A mi izquierda, en un tablón de corcho, había multitud de dibujos y recortes de prensa clavados con chinchetas. Las paredes estaban forradas de estantes llenos de compactos, aunque había unos cuantos anaqueles reservados para los álbumes tradicionales y las cintas de casete. Hice un repaso visual del lugar como si fuera a jugar al veo-veo. Tazas de café. Altavoces. Una grapadora, un carrete de cinta adhesiva transparente. Botellas vacías de agua mineral cara: Evian, Sweet Mountain y Perrier. En el panel de control vi el interruptor del micro, osciladores, un arco iris de luces, una con un rótulo que decía «mono de dos pistas». Un intermitente verde y otro rojo. Un micrófono colgado de una jirafa parecía una estalactita de espuma plástica gris. Me imaginé pegando los labios a la superficie y modulando mi más seductor tono de voz en FM. «Hola, aves rapaces de la noche. Os habla Kinsey Millhone, que os trae el mejor jazz a la peor hora…».

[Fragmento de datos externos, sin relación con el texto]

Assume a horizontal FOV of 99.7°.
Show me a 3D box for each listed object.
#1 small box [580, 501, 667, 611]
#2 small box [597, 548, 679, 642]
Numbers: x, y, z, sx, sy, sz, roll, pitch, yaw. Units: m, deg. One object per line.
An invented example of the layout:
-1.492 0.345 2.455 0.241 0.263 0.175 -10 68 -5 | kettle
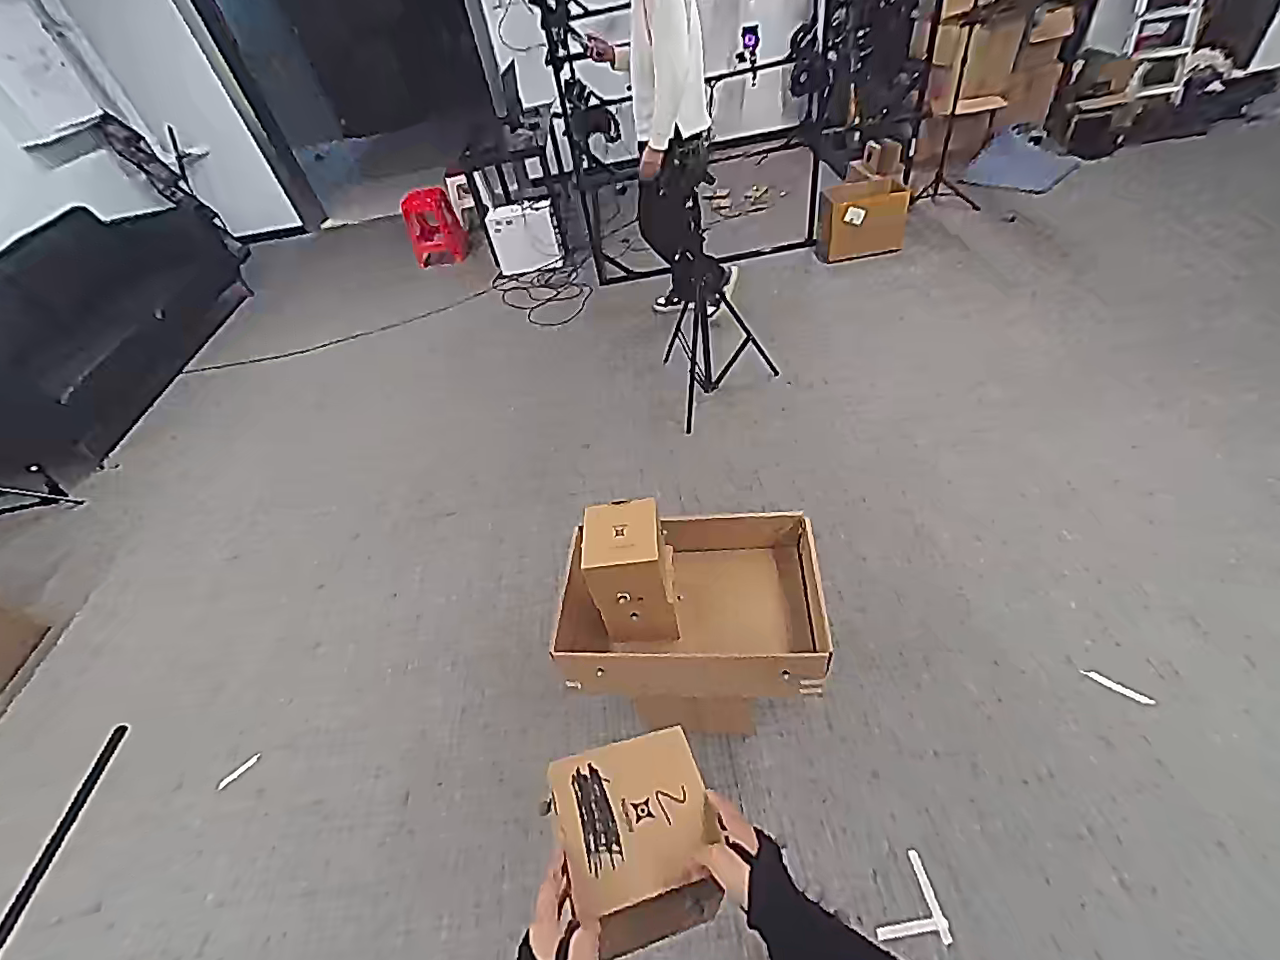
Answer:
-0.033 0.174 1.227 0.168 0.176 0.179 -8 44 6 | small box
0.001 0.288 1.340 0.179 0.176 0.168 -5 45 6 | small box
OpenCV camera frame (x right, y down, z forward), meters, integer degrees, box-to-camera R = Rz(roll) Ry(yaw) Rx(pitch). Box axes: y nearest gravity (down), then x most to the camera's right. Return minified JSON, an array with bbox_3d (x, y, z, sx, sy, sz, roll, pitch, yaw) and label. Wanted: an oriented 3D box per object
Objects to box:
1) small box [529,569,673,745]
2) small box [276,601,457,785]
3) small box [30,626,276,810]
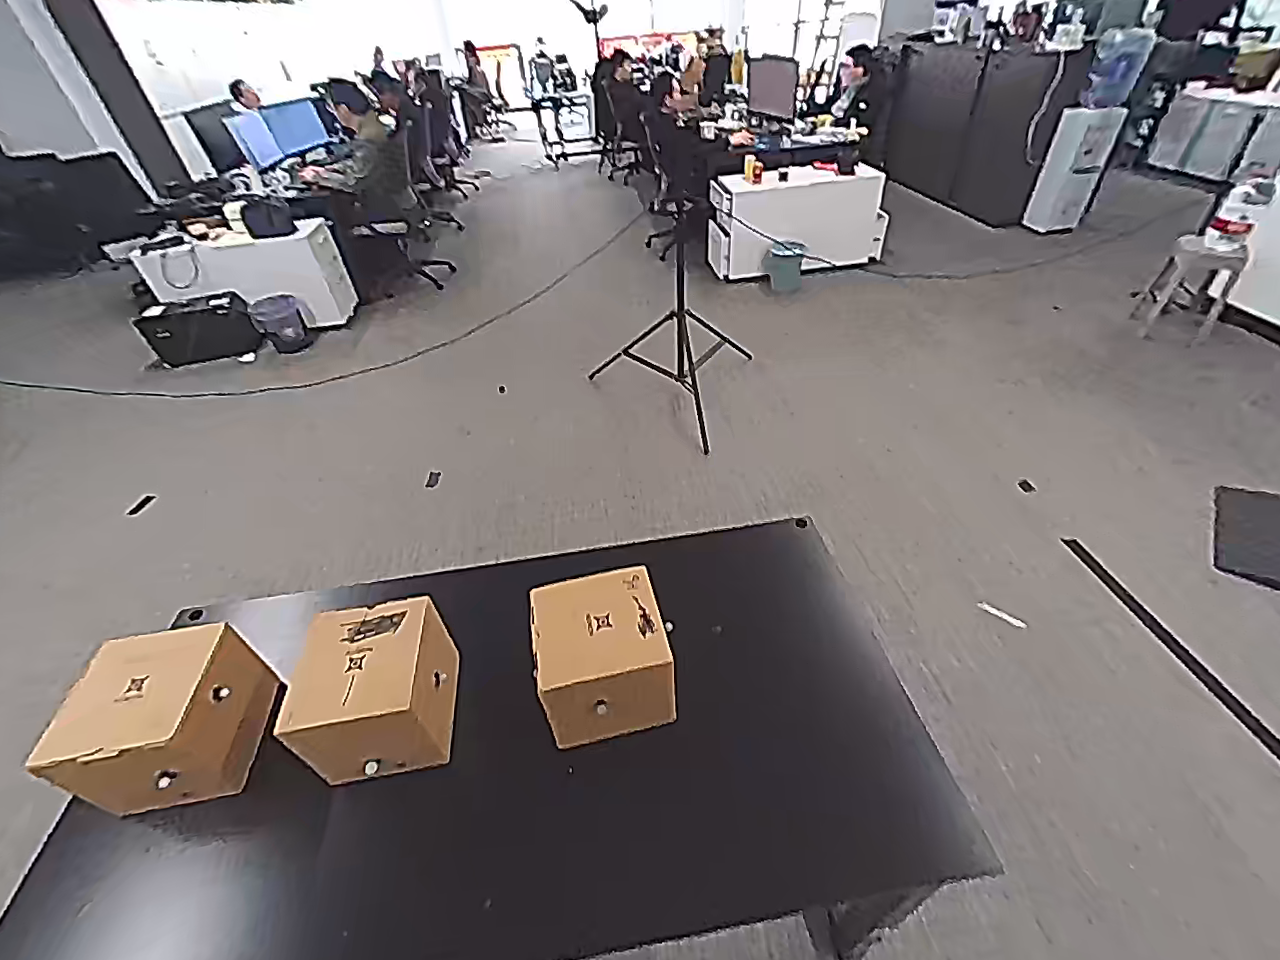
[{"bbox_3d":[-0.056,0.262,0.795,0.179,0.176,0.168,-12,41,-7],"label":"small box"},{"bbox_3d":[-0.371,0.303,0.777,0.168,0.176,0.179,-9,42,-5],"label":"small box"},{"bbox_3d":[-0.656,0.339,0.763,0.168,0.176,0.179,-8,40,-6],"label":"small box"}]
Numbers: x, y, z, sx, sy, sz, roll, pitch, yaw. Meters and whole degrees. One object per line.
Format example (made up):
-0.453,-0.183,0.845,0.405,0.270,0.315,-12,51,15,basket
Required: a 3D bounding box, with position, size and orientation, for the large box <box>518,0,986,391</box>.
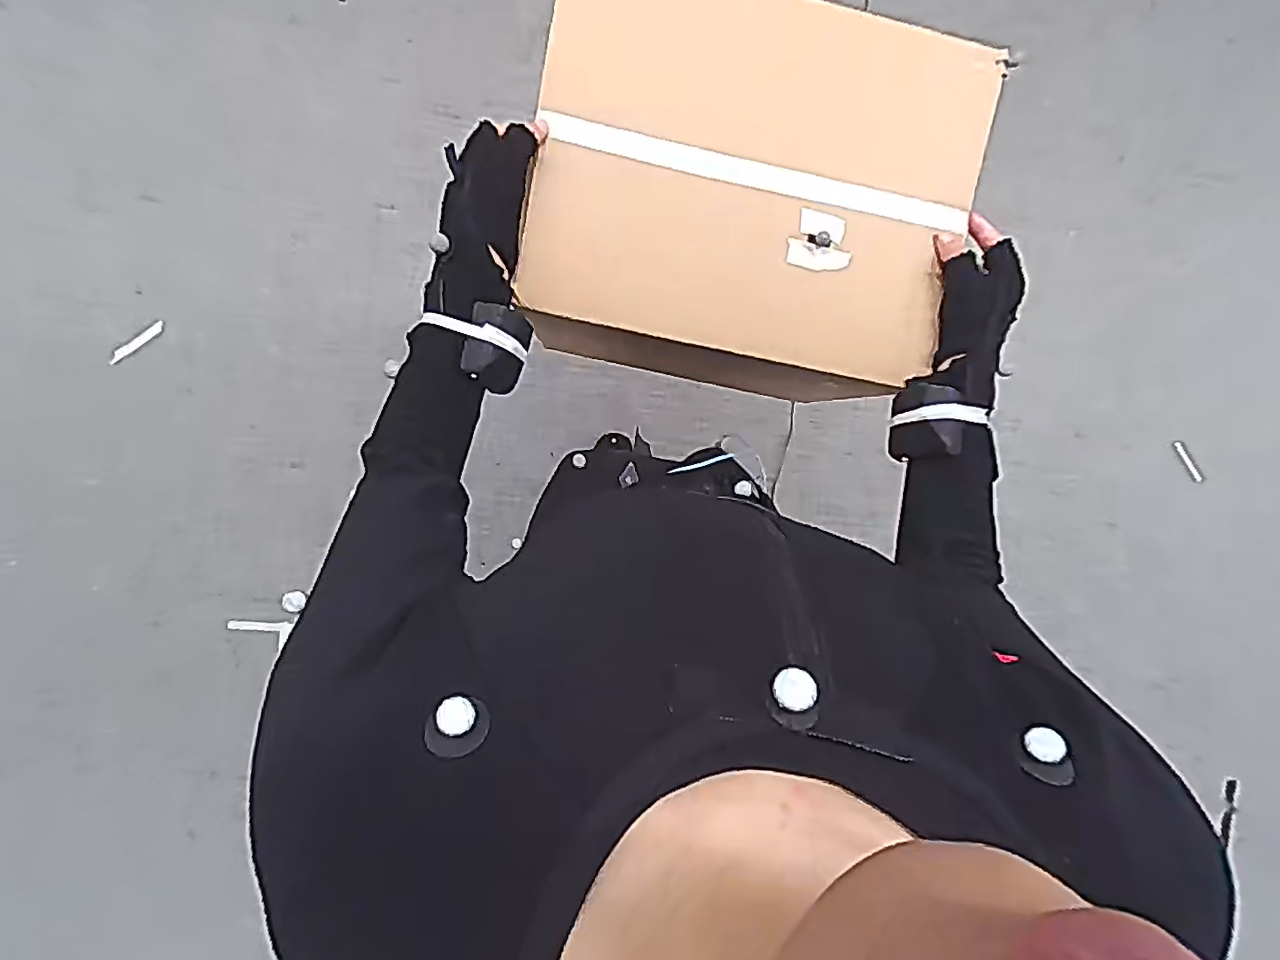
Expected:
0.093,-0.301,0.651,0.408,0.320,0.320,11,97,-6,large box
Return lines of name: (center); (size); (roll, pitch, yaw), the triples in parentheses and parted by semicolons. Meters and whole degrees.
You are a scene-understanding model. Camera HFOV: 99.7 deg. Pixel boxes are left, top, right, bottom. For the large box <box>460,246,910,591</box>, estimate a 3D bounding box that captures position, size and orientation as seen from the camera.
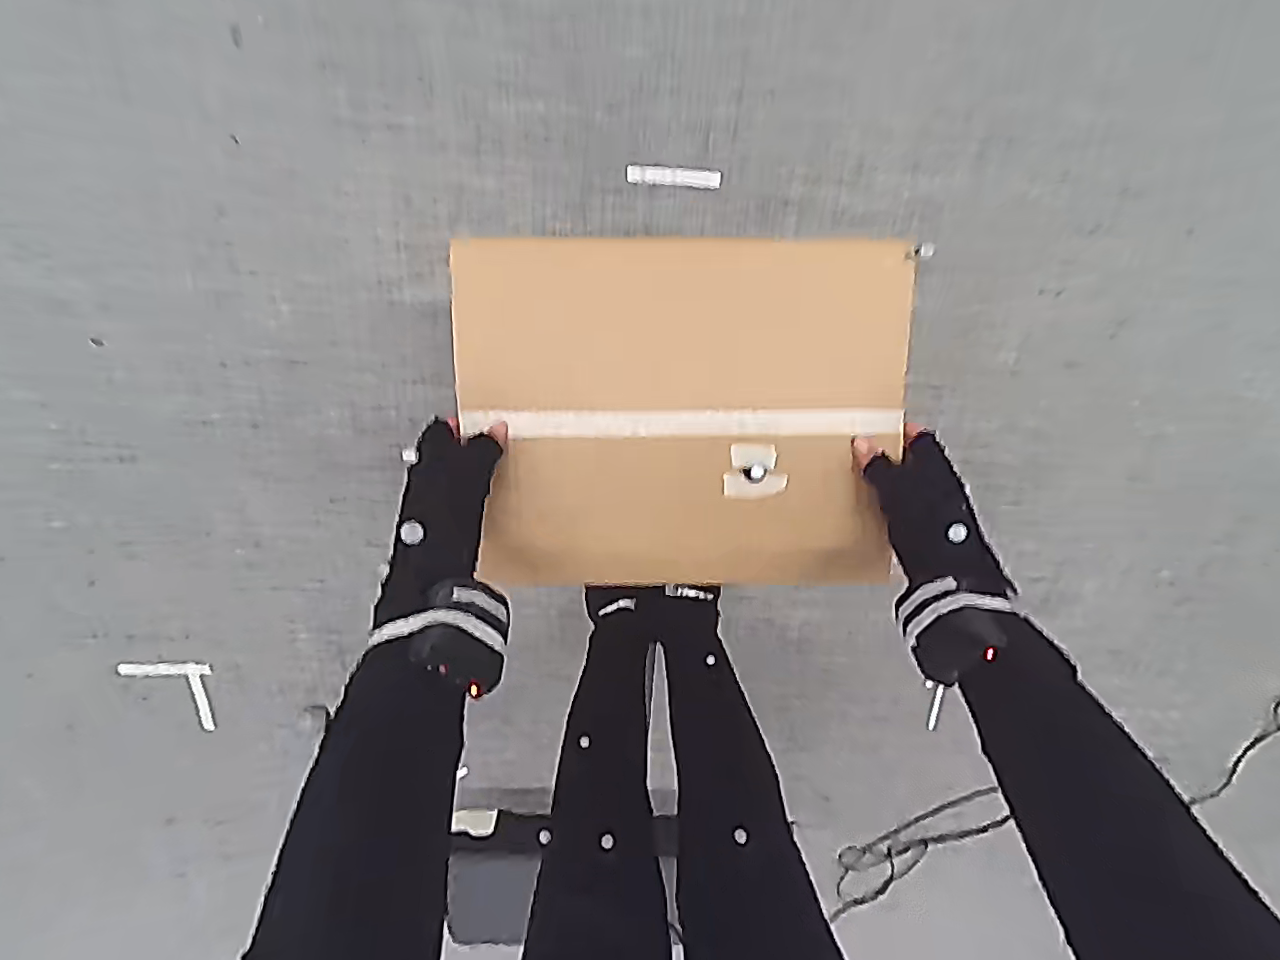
large box: (0.039, -0.073, 0.643); (0.408, 0.320, 0.320); (-1, 100, -1)
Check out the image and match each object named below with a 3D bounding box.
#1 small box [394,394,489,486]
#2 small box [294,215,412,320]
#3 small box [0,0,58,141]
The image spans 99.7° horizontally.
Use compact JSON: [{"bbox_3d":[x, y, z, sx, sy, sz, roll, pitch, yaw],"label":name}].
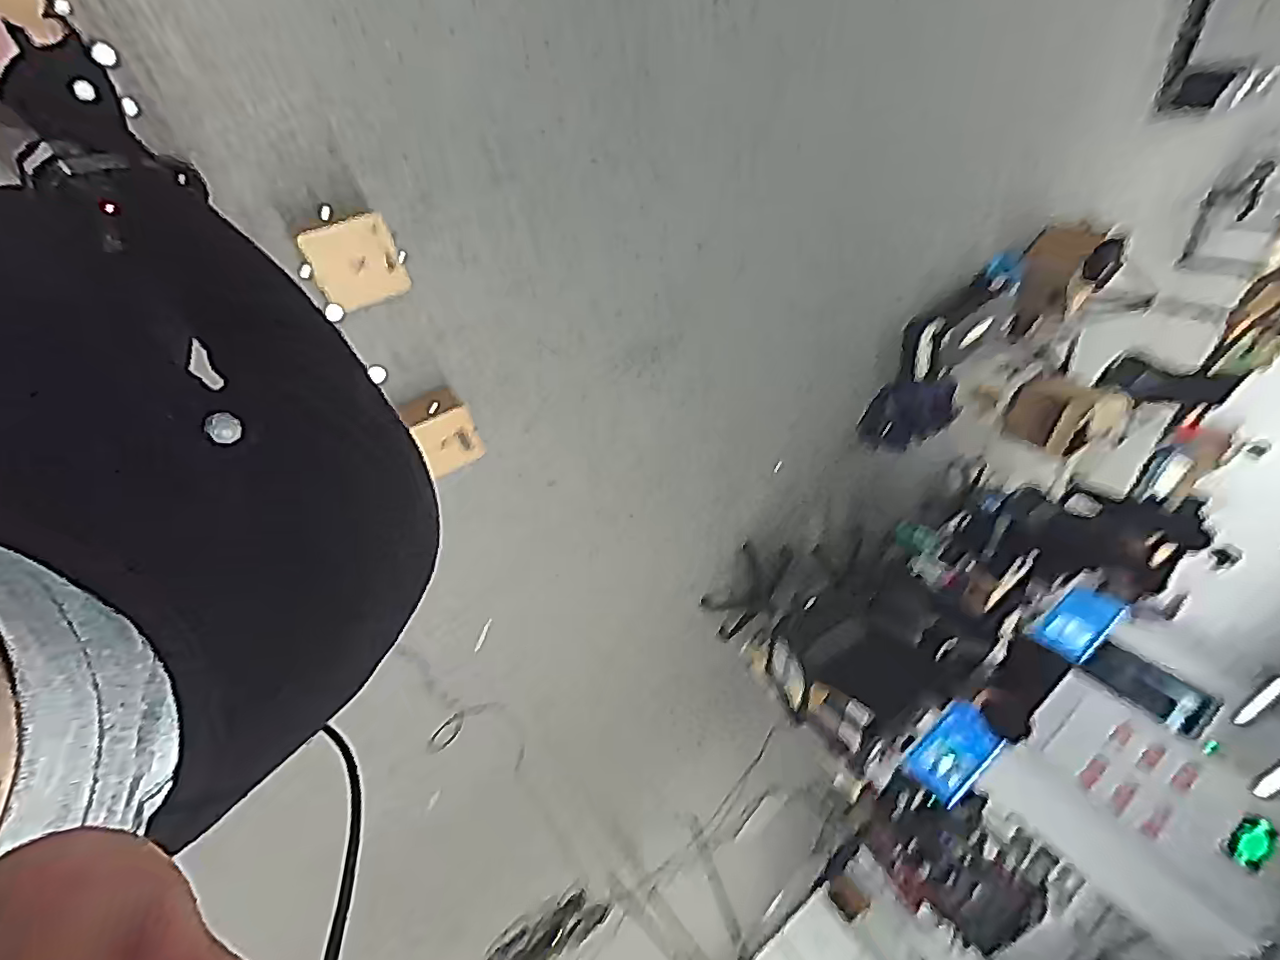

Oí a mis espaldas que alguien se acercaba ruidosamente por el pasillo y asomé la cabeza con curiosidad. Héctor Moreno, con sus cincuenta y tantos años, avanzaba hacia mí apoyado en dos muletas. Tenía el pelo grasiento y gris y unos ojos castaños tan dulces como el caramelo. De cintura para arriba era colosal, pero desde las caderas se estrechaba hasta acabar en un par de piernas finas como palillos y cortas por añadidura. Llevaba un grueso jersey de algodón negro, pantalones anchos y zapatillas baratas. Le acompañaba un perrazo rojigualda de cabeza gorda, tórax macizo y lomos poderosos, un híbrido de Chow-chow probablemente, a juzgar por su cara de oso de peluche y el neumático de pelo que le rodeaba el cuello.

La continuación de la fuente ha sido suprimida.